Conducir por Rumanía es… interesante. Los rumanos no conducen mal, quizás algo agresivos, pero ceden el paso y te hacen favores cuando pueden. La principal dificultad son las leyes de circulación y la distribución de las carreteras. Están mucho menos estructuradas que en España y muchas veces no te queda otra que esperar a la buena voluntad de algún otro conductor o arriesgarte a entrar en tráfico y a ver qué pasa.

Tenemos un airBnB en Bucarest para pasar la noche. La idea es visitar la ciudad al final del viaje. Llegamos sin mucho problema y nos ponemos a dar vueltas en busca de aparcamiento. En Rumanía, la zona blanca es de pago; la azul, de extra pago. Si no hay raya, no hay ley. En esas zonas, las aceras están repletas de coches aparcados sobre ellas, y es en una de estas zonas, cerca de nuestro alojamiento, donde encontramos hueco.

Dando un corto paseo, ya notamos varias curiosidades: aunque es una gran ciudad, hay muchas casas de arquitectura sajona en Bucarest y, lo más curioso, muchas están medio comidas, por la naturaleza. La hiedra es un elemento decorativo (no sabemos si voluntario o involuntario) casi ubicuo en la ciudad. Queda muy chulo, sale de casas abandonas en pleno centro y en áreas urbanas perfectamente cuidadas y funcionales se ve a la hiedra escalando postes eléctricos y colgando de sus cables.
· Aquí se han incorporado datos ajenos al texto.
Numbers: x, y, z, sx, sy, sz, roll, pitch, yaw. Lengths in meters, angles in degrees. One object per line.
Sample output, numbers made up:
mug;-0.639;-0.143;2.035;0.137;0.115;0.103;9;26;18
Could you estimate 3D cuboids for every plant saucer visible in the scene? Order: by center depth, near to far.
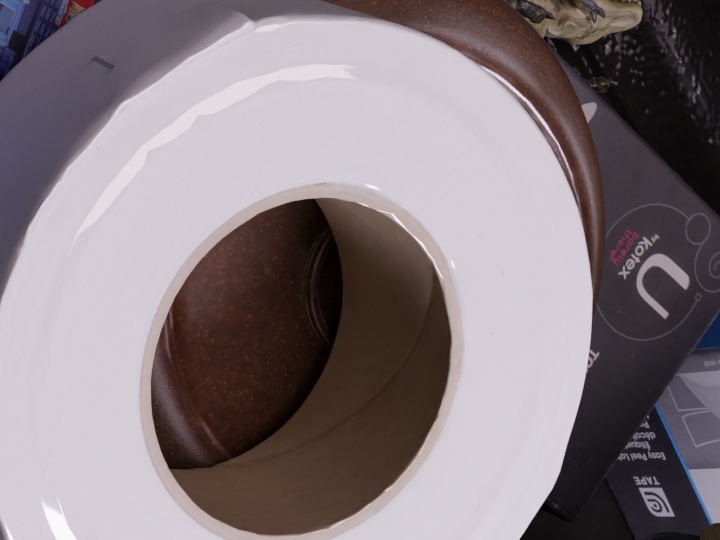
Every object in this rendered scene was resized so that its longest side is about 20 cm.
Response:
plant saucer;0.000;0.000;0.906;0.199;0.034;0.202;-7;105;-26

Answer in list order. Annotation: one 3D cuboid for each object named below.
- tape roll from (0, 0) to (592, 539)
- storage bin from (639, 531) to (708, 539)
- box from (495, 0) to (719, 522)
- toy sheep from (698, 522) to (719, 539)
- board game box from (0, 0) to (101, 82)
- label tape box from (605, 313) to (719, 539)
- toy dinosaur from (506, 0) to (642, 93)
tape roll;-0.032;0.019;0.828;0.201;0.071;0.204;-9;108;-29
storage bin;0.073;0.196;0.984;0.145;0.134;0.202;11;76;-39
box;0.020;-0.025;0.992;0.200;0.106;0.123;42;80;-29
toy sheep;0.166;0.114;0.886;0.138;0.200;0.138;48;15;-18
board game box;-0.136;-0.039;0.838;0.200;0.061;0.201;30;80;-65
label tape box;0.180;0.100;1.106;0.063;0.144;0.201;-38;109;-36
toy dinosaur;0.049;-0.100;1.049;0.199;0.088;0.048;22;110;-48
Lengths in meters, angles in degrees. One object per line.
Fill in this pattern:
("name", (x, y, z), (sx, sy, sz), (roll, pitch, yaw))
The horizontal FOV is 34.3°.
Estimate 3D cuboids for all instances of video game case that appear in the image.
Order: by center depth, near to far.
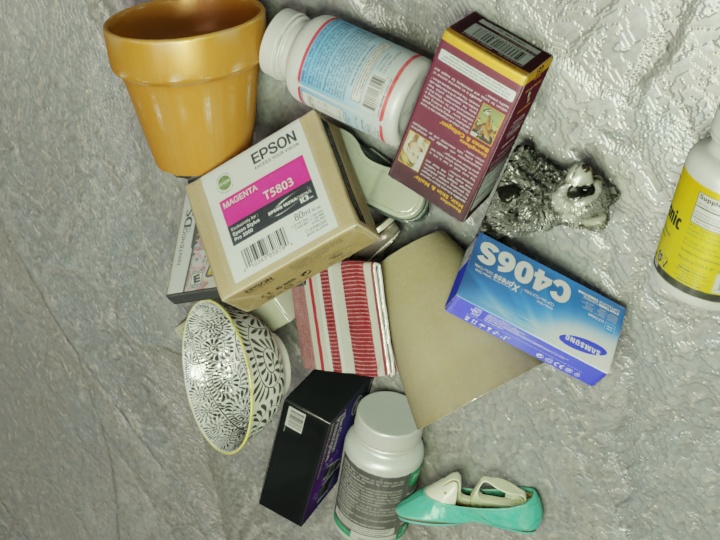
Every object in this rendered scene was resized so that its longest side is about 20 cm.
("video game case", (-0.151, -0.053, 1.514), (0.197, 0.183, 0.026), (-8, 148, 24))

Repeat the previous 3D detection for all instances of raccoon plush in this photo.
("raccoon plush", (0.217, -0.064, 1.362), (0.132, 0.098, 0.201), (24, 155, 4))

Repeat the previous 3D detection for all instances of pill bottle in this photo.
("pill bottle", (0.381, -0.069, 1.211), (0.110, 0.111, 0.202), (23, 124, 20))
("pill bottle", (-0.017, -0.235, 1.383), (0.198, 0.109, 0.110), (28, 126, 18))
("pill bottle", (0.027, 0.276, 1.617), (0.112, 0.113, 0.202), (23, 125, 20))

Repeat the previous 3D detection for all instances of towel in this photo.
("towel", (-0.024, 0.058, 1.480), (0.199, 0.023, 0.146), (0, 101, 55))

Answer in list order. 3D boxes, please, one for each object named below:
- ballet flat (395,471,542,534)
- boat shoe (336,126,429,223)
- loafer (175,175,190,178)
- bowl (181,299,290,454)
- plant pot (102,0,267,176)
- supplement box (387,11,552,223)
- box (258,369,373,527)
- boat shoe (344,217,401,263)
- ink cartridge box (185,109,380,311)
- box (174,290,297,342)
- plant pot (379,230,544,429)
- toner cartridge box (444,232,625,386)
("ballet flat", (0.146, 0.305, 1.562), (0.197, 0.067, 0.072), (5, 107, 3))
("boat shoe", (0.004, -0.117, 1.455), (0.199, 0.062, 0.073), (32, 90, 25))
("loafer", (-0.241, -0.221, 1.557), (0.072, 0.072, 0.203), (-4, 111, 35))
("bowl", (-0.152, 0.132, 1.539), (0.200, 0.093, 0.204), (18, 113, 53))
("plant pot", (-0.206, -0.227, 1.453), (0.198, 0.200, 0.186), (11, 121, 28))
("supplement box", (0.123, -0.174, 1.338), (0.110, 0.086, 0.202), (32, 127, 14))
("box", (-0.061, 0.234, 1.634), (0.078, 0.141, 0.202), (25, 126, 13))
("boat shoe", (0.000, 0.000, 1.518), (0.060, 0.072, 0.200), (50, 135, 5))
("ink cartridge box", (-0.097, -0.070, 1.411), (0.198, 0.075, 0.167), (-29, 68, 16))
("box", (-0.160, 0.056, 1.637), (0.199, 0.095, 0.078), (-29, 99, 40))
("plant pot", (0.107, 0.061, 1.429), (0.187, 0.186, 0.202), (-33, 81, 39))
("toner cartridge box", (0.204, 0.045, 1.355), (0.198, 0.096, 0.043), (27, 149, -4))
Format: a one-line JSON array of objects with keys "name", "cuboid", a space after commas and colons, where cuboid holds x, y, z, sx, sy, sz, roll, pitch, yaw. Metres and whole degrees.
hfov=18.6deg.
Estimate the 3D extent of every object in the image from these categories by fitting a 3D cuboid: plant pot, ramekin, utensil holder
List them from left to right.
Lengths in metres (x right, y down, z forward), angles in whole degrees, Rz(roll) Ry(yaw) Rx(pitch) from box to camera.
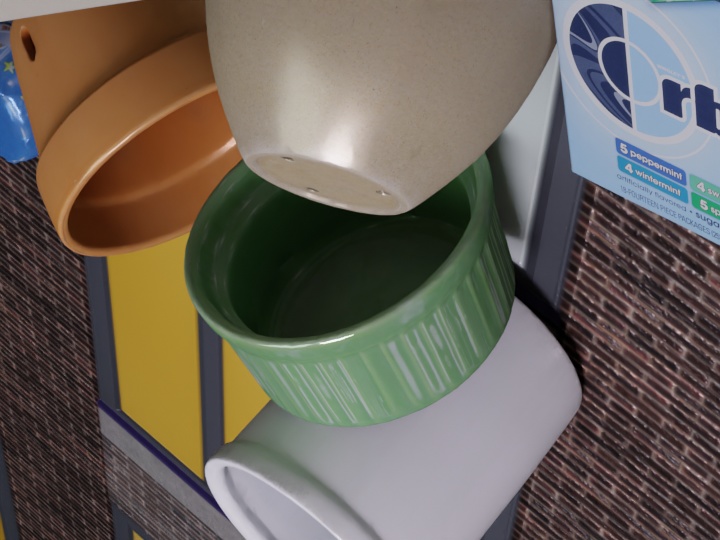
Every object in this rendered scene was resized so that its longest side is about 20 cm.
[{"name": "plant pot", "cuboid": [-0.137, -0.122, 1.423, 0.141, 0.199, 0.200, 58, 157, 18]}, {"name": "plant pot", "cuboid": [0.000, -0.108, 1.171, 0.199, 0.136, 0.200, 16, 168, 3]}, {"name": "ramekin", "cuboid": [0.000, 0.000, 1.357, 0.199, 0.200, 0.098, 23, 152, 41]}, {"name": "utensil holder", "cuboid": [0.026, 0.111, 1.432, 0.170, 0.200, 0.170, 36, 159, 16]}]

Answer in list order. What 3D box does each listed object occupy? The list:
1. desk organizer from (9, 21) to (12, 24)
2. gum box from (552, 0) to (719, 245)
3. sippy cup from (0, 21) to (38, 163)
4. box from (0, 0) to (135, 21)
[{"name": "desk organizer", "cuboid": [-0.263, -0.258, 1.516, 0.200, 0.077, 0.072, 45, 162, 19]}, {"name": "gum box", "cuboid": [0.175, -0.101, 1.111, 0.169, 0.045, 0.201, 30, 149, 34]}, {"name": "sippy cup", "cuboid": [-0.223, -0.150, 1.566, 0.177, 0.130, 0.140, 11, 136, 51]}, {"name": "box", "cuboid": [-0.146, -0.206, 1.287, 0.069, 0.198, 0.083, 90, 167, -53]}]

La vegetación se come la ciudad


La zona es muy animada, con restaurantes, bares y cafeterías por doquier. Tras instalarnos, como ya es bastante tarde y mañana madrugamos para empezar el viaje propiamente dicho, vamos en busca de un sitio para cenar. Nos cuesta un poco encontrarlo, ya que la zona parece centrarse en los cafés, las copas y los helados, pero, finalmente, nos sentamos en La Mama, donde tomamos nuestra primera comida rumana y empezamos a sospechar lo que luego confirmaríamos: en Rumanía se come genial.
Tomamos un goulash transilvano, unos rollitos de col rellenos de carne (Sarmale) y una especie de rollitos de carne especiada que se llaman mititei y están tremendos. Nos encantó todo y nos quedamos con ganas de probar el postre tradicional, unos donuts de queso con yogur agrio y mermelada. Otra vez será.



Y de ahí, al sobre, que mañana toca hacer kilómetros en dirección a Brașov, la ciudad más bonita de Rumanía (o eso dicen).